_Problem description_. Your answer should be the lines below from the one with "What species is this moth?" to the one with "What is this moth's scientific name?", both included, given again exactly and with nothing added.

_Information supplied_.

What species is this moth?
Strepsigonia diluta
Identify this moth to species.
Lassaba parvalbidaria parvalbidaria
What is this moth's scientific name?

--

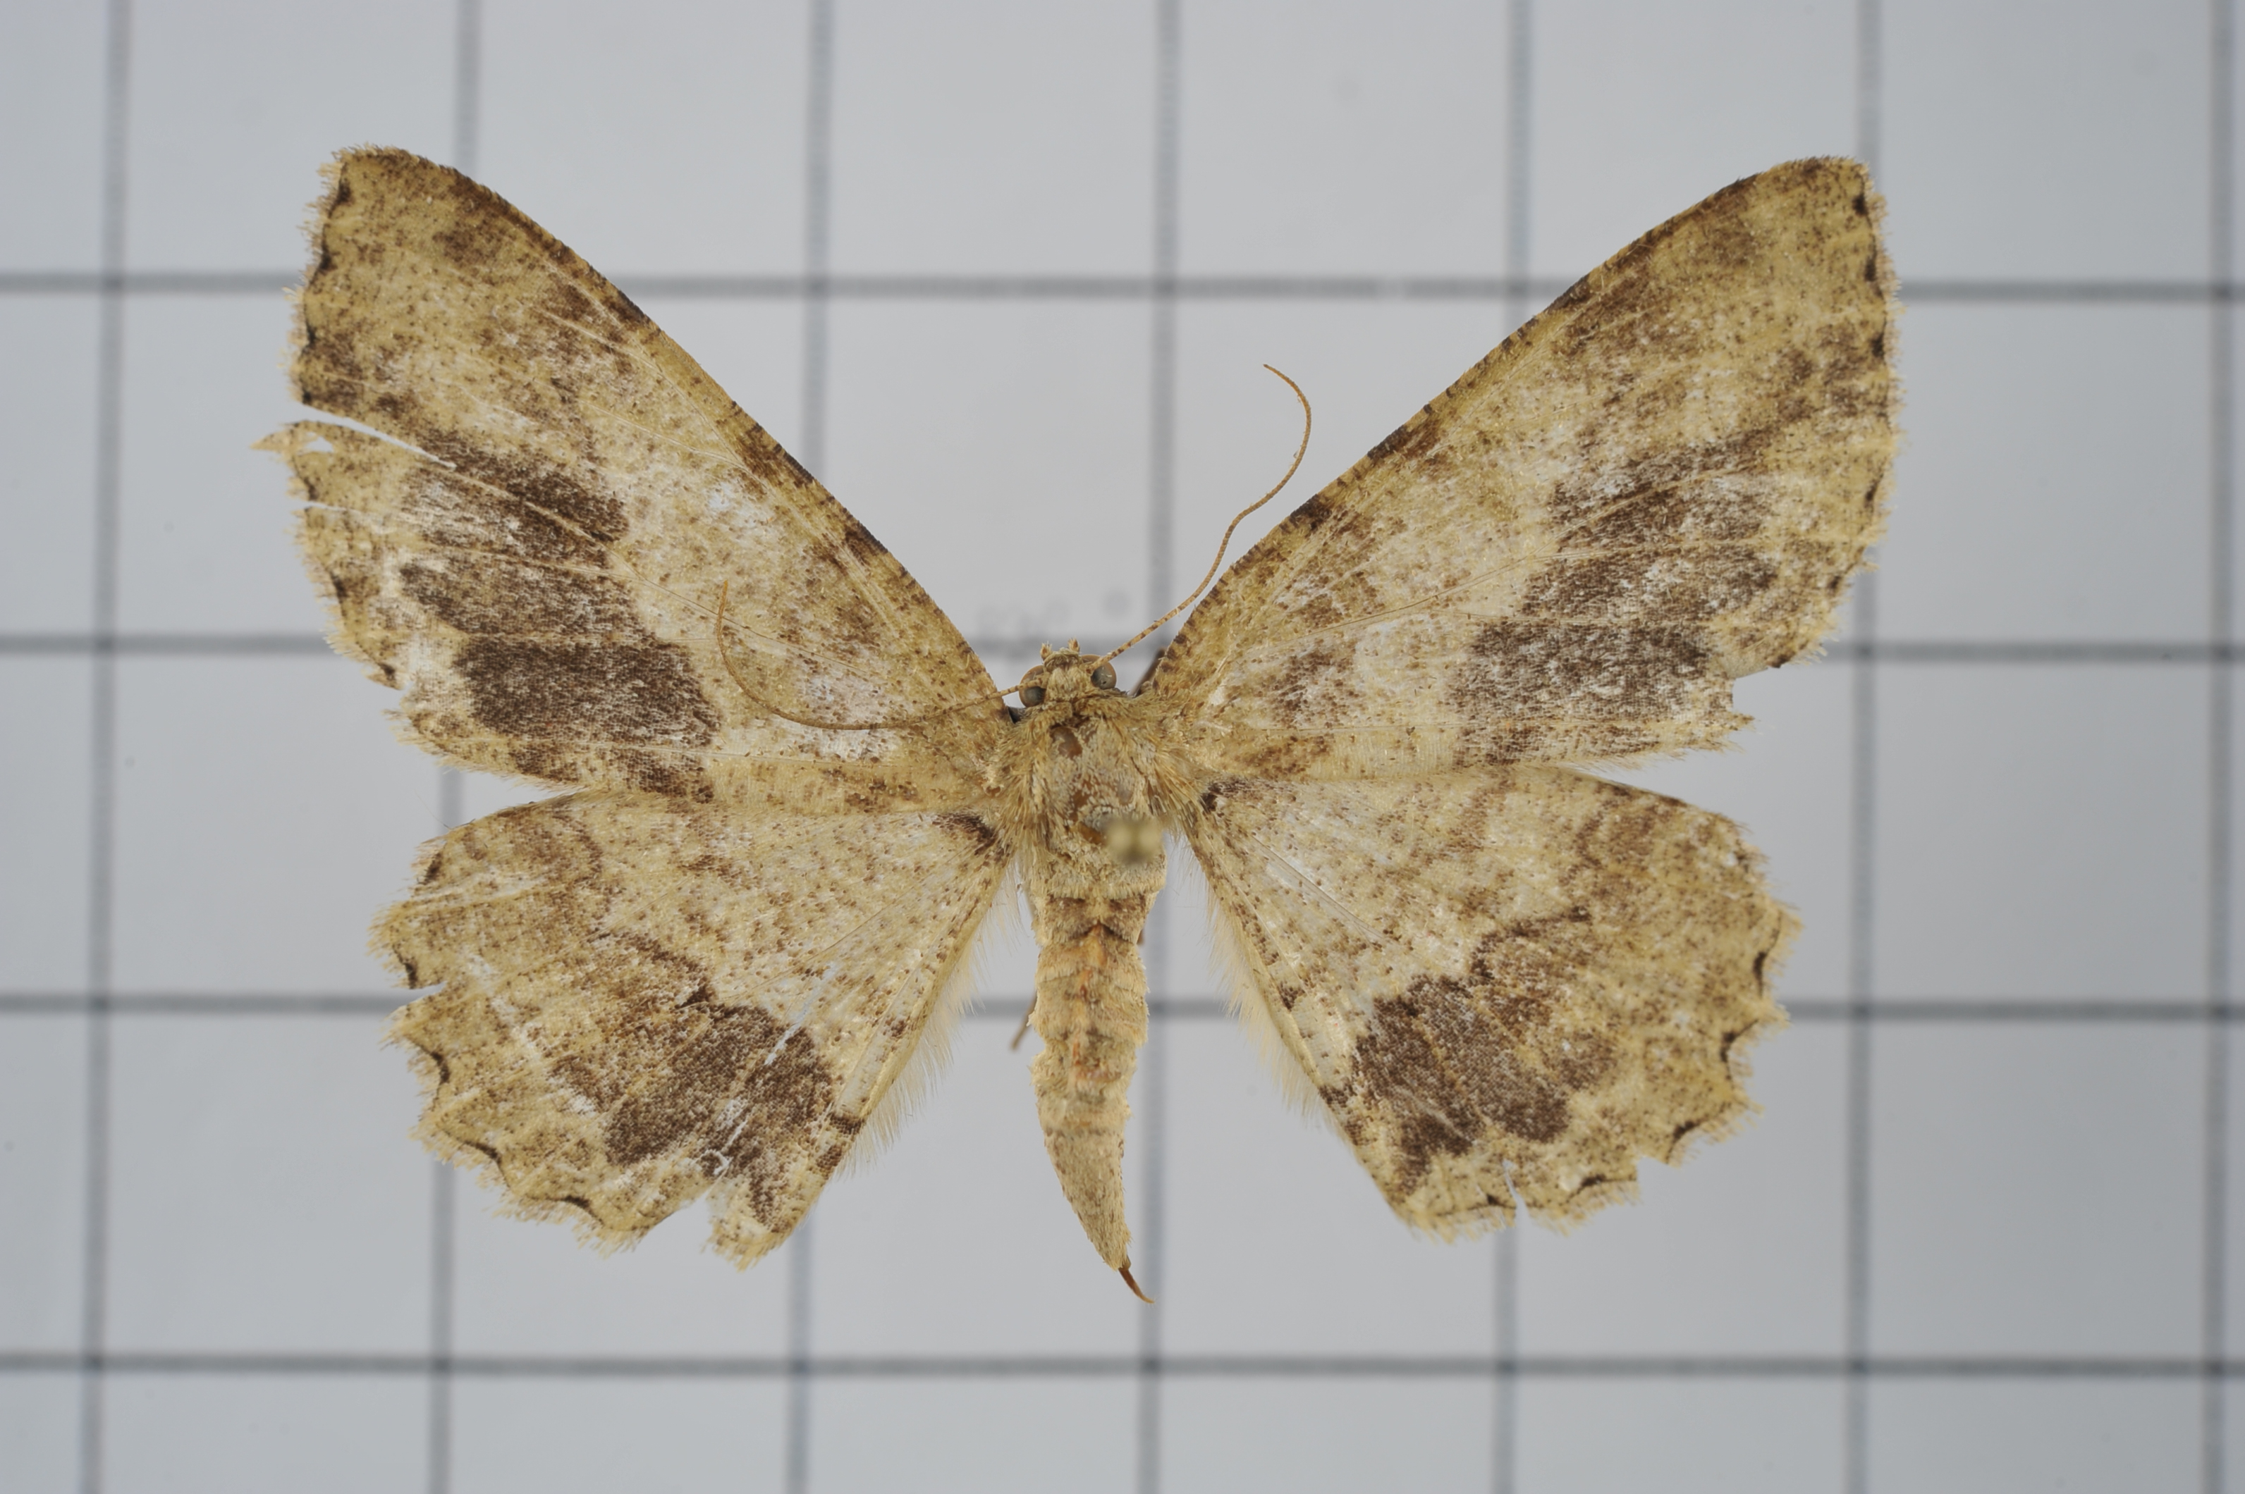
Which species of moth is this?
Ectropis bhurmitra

_Result_.
What species is this moth?
Strepsigonia diluta
Identify this moth to species.
Lassaba parvalbidaria parvalbidaria
What is this moth's scientific name?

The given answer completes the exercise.